═══ Data listing ═══
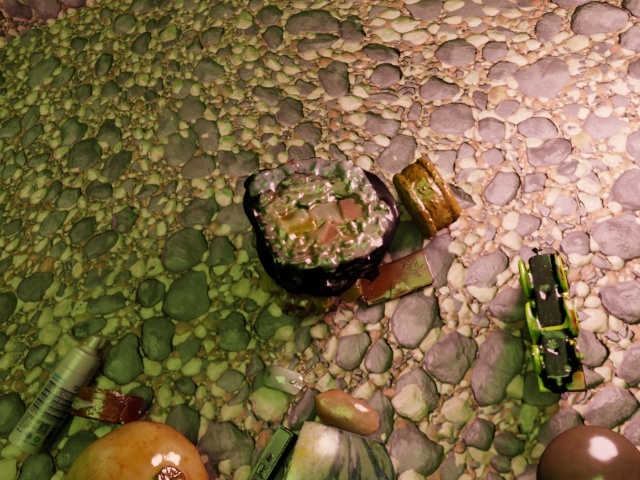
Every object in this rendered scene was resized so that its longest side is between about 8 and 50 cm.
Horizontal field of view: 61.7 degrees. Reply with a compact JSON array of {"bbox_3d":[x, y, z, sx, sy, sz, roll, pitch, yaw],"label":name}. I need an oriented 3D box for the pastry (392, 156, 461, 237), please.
[{"bbox_3d":[0.247,-0.099,1.259,0.103,0.189,0.189,-32,59,5],"label":"pastry"}]

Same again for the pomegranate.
[{"bbox_3d":[-0.379,0.527,1.094,0.307,0.307,0.308,-7,62,14],"label":"pomegranate"}]

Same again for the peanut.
[{"bbox_3d":[0.054,0.367,1.145,0.152,0.076,0.076,19,71,19],"label":"peanut"}]

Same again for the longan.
[{"bbox_3d":[0.471,0.434,0.912,0.196,0.197,0.220,-20,58,7],"label":"longan"}]

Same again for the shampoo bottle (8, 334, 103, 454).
[{"bbox_3d":[-0.650,0.376,1.350,0.092,0.092,0.303,21,72,25],"label":"shampoo bottle"}]

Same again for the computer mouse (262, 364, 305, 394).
[{"bbox_3d":[-0.088,0.320,1.237,0.110,0.032,0.056,11,69,22],"label":"computer mouse"}]

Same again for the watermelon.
[{"bbox_3d":[0.016,0.494,1.074,0.261,0.201,0.213,23,65,-20],"label":"watermelon"}]

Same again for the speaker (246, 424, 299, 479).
[{"bbox_3d":[-0.118,0.494,1.151,0.040,0.046,0.191,25,74,27],"label":"speaker"}]

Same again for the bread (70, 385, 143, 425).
[{"bbox_3d":[-0.501,0.392,1.262,0.160,0.160,0.073,1,69,18],"label":"bread"}]

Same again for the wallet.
[{"bbox_3d":[0.177,0.090,1.275,0.176,0.026,0.095,-20,62,7],"label":"wallet"}]

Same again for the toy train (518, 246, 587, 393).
[{"bbox_3d":[0.463,0.164,1.074,0.100,0.160,0.297,-10,59,23],"label":"toy train"}]

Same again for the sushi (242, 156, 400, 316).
[{"bbox_3d":[0.000,0.000,1.242,0.328,0.285,0.328,-23,56,-13],"label":"sushi"}]
═══
#### What needs to be done:
The task requires that every line above be transcribed exactly, without the images.

#### Result of this exercise:
Every object in this rendered scene was resized so that its longest side is between about 8 and 50 cm.
Horizontal field of view: 61.7 degrees. Reply with a compact JSON array of {"bbox_3d":[x, y, z, sx, sy, sz, roll, pitch, yaw],"label":name}. I need an oriented 3D box for the pastry (392, 156, 461, 237), please.
[{"bbox_3d":[0.247,-0.099,1.259,0.103,0.189,0.189,-32,59,5],"label":"pastry"}]

Same again for the pomegranate.
[{"bbox_3d":[-0.379,0.527,1.094,0.307,0.307,0.308,-7,62,14],"label":"pomegranate"}]

Same again for the peanut.
[{"bbox_3d":[0.054,0.367,1.145,0.152,0.076,0.076,19,71,19],"label":"peanut"}]

Same again for the longan.
[{"bbox_3d":[0.471,0.434,0.912,0.196,0.197,0.220,-20,58,7],"label":"longan"}]

Same again for the shampoo bottle (8, 334, 103, 454).
[{"bbox_3d":[-0.650,0.376,1.350,0.092,0.092,0.303,21,72,25],"label":"shampoo bottle"}]

Same again for the computer mouse (262, 364, 305, 394).
[{"bbox_3d":[-0.088,0.320,1.237,0.110,0.032,0.056,11,69,22],"label":"computer mouse"}]

Same again for the watermelon.
[{"bbox_3d":[0.016,0.494,1.074,0.261,0.201,0.213,23,65,-20],"label":"watermelon"}]

Same again for the speaker (246, 424, 299, 479).
[{"bbox_3d":[-0.118,0.494,1.151,0.040,0.046,0.191,25,74,27],"label":"speaker"}]

Same again for the bread (70, 385, 143, 425).
[{"bbox_3d":[-0.501,0.392,1.262,0.160,0.160,0.073,1,69,18],"label":"bread"}]

Same again for the wallet.
[{"bbox_3d":[0.177,0.090,1.275,0.176,0.026,0.095,-20,62,7],"label":"wallet"}]

Same again for the toy train (518, 246, 587, 393).
[{"bbox_3d":[0.463,0.164,1.074,0.100,0.160,0.297,-10,59,23],"label":"toy train"}]

Same again for the sushi (242, 156, 400, 316).
[{"bbox_3d":[0.000,0.000,1.242,0.328,0.285,0.328,-23,56,-13],"label":"sushi"}]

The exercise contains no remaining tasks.